Step-by-Step Workflow

Phase 1: Quick Assessment (Use Resources First)

Get Real-Time Query Overview
- Read resource: tdwm://system/summary
- Shows query distribution across workloads
- Identifies which workloads are active
- Provides high-level throughput metrics
Check Delayed Queries
- Read resource: tdwm://system/delayed-queries
- Shows queries waiting in throttle queues
- Identifies which workloads are experiencing delays
- Provides wait time metrics

Phase 2: Detailed Analysis (Use Tools)

Understand Query Classification
- Use list_query_band to see how queries are tagged
- Review transaction, profile, and session-level query bands
- Identify workload categories and application tagging
- Verify query bands match expected patterns
Analyze Current Query Activity
- Use list_sessions to see active queries
- Group queries by band, user, or application
- Identify patterns in query types and complexity
- Check for runaway or long-running queries
Review Historical Performance
- Use show_query_log for past query execution data
- Analyze execution times, resource consumption, frequency
- Identify trends, outliers, or degrading performance
- Compare current vs historical patterns
Analyze TASM Classification
- Use show_tasm_even_history to see classification decisions
- Understand why queries landed in specific workloads
- Identify misclassification issues
- Track rule effectiveness

Phase 3: Performance Investigation

Identify Throttle Impact
- Read resource: tdwm://system/throttle-statistics
- Use show_trottle_statistics tool for details
- Identify which workloads are being throttled
- Calculate average delay times
Find Slow Queries
- Use show_query_log sorted by execution time
- Identify top slow queries by workload
- Get SQL text using show_session_sql_text
- Analyze query complexity and optimization opportunities
Track Application Workload
- Filter queries by query band (application)
- Calculate throughput, average execution time
- Compare against SLA targets
- Identify deviations from baseline

Examples

Example 1: Quick Query Distribution Check (Fast)

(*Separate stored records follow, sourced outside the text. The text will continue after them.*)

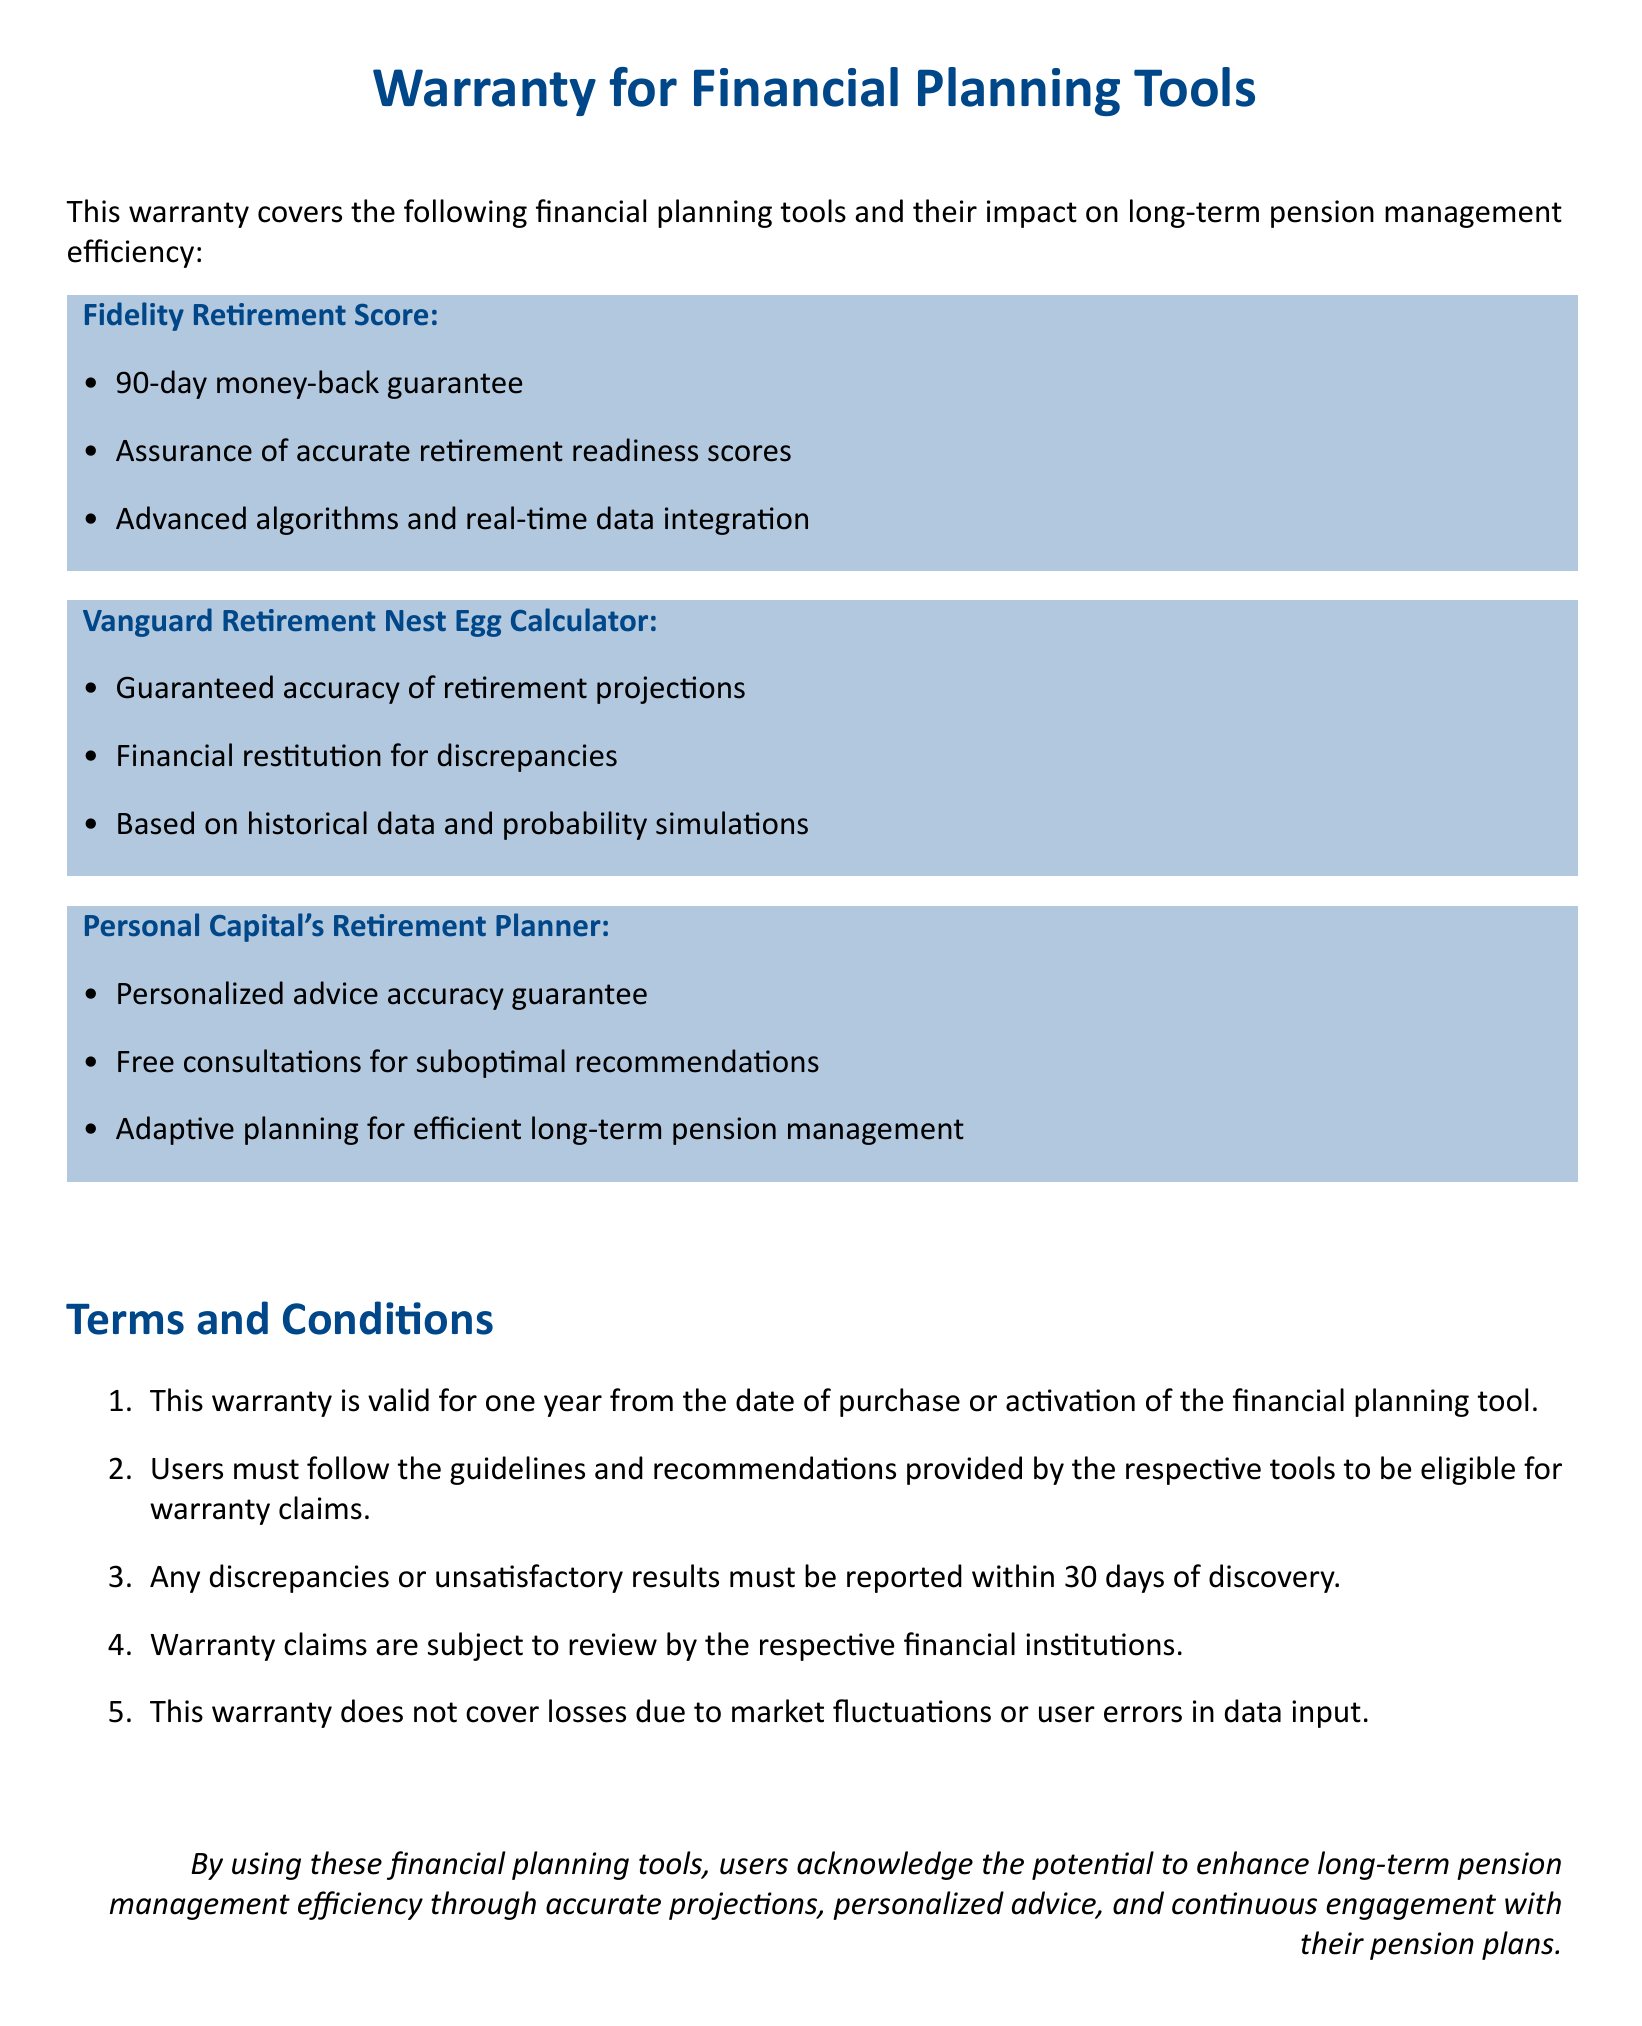What is the warranty period for these financial planning tools? The warranty is valid for one year from the date of purchase or activation of the financial planning tool.
Answer: one year What is the money-back guarantee period for Fidelity Retirement Score? The Fidelity Retirement Score includes a 90-day money-back guarantee.
Answer: 90 days What must users do to be eligible for warranty claims? Users must follow the guidelines and recommendations provided by the respective tools to be eligible for warranty claims.
Answer: follow guidelines What type of guarantee does Personal Capital's Retirement Planner offer? It offers a personalized advice accuracy guarantee.
Answer: accuracy guarantee What compensation is provided by Vanguard Retirement Nest Egg Calculator for discrepancies? Financial restitution is provided for discrepancies.
Answer: financial restitution What is a condition for reporting discrepancies? Discrepancies or unsatisfactory results must be reported within 30 days of discovery.
Answer: 30 days Which financial planning tool requires free consultations for suboptimal recommendations? Personal Capital's Retirement Planner requires free consultations for suboptimal recommendations.
Answer: Personal Capital's Retirement Planner What is not covered by the warranty? Warranty does not cover losses due to market fluctuations or user errors in data input.
Answer: market fluctuations

Scenario: "Show me current query activity across workloads"

Action (Resource-First Approach):

1. Read workload summary:
   tdwm://system/summary
   → ETL workload: 45 queries, 60% of resources
   → Interactive: 23 queries, 30% of resources
   → Ad-hoc: 8 queries, 10% of resources
   → DEFAULT: 3 queries (misclassified?)

2. Check delayed queries:
   tdwm://system/delayed-queries
   → 5 queries in delay queue
   → 4 from Ad-hoc workload (expected throttling)
   → 1 from Interactive workload (investigate?)

3. Review throttle statistics:
   tdwm://system/throttle-statistics
   → Ad-hoc throttle: 4 delayed (limit=5)
   → Interactive throttle: 1 delayed (limit=15, unusual)
   → ETL throttle: 0 delayed (limit=20)

4. Report:
   "Current query activity:
    - 79 total queries across 4 workloads
    - ETL dominant (45 queries, 60% resources) - expected
    - 5 queries delayed by throttles - mostly ad-hoc (working as designed)
    - 1 interactive query delayed (unusual, may need investigation)
    - 3 queries in DEFAULT workload (check classification)"

Result: Complete query overview in seconds, identified 2 areas to investigate

Example 2: Find Slow Queries (Historical Analysis)

Scenario: "Which queries ran slowly in the last hour?"

Action (Historical + Tool Approach):

1. Query historical logs:
   show_query_log(time_range="last_1_hour", sort_by="duration_desc")
   → 247 queries executed in last hour
   → Top 10 by duration shown

2. Analyze top slow queries:
   Query #1: 45 minutes, user=etl_batch, workload=ETL
   Query #2: 32 minutes, user=report_user, workload=Interactive
   Query #3: 28 minutes, user=adhoc_user, workload=Ad-hoc
   ... (7 more)

3. Get SQL text for top slow query:
   show_session_sql_text(query_id=12345)  # If still running
   → Or query log contains SQL text
   → Query: Complex multi-table join with aggregation
   → 5 table joins, full table scans detected

4. Check query bands:
   list_query_band(type="TRANSACTION")
   → Top slow query #1: APP=ETL_NIGHTLY_BATCH
   → Top slow query #2: APP=EXECUTIVE_DASHBOARD
   → Top slow query #3: No query band set (ad-hoc tool)

5. Analyze patterns:
   - ETL query (45 min): Expected for nightly batch
   - Report query (32 min): Longer than usual, may need optimization
   - Ad-hoc query (28 min): No query band, running in Ad-hoc workload

6. Report:
   "Slow queries in last hour:

    Top 10 queries ranged from 15-45 minutes:
    - 4 ETL queries: 25-45 min (expected for batch processing)
    - 3 Interactive queries: 18-32 min (1 slower than baseline)
    - 3 Ad-hoc queries: 15-28 min (acceptable for ad-hoc)

    RECOMMENDATION:
    - Query #2 (Executive Dashboard, 32 min) normally runs in 15 min
      → Investigate query plan changes or data volume increase
    - Query #3 (Ad-hoc, 28 min) has no query band
      → User should set query band for better classification"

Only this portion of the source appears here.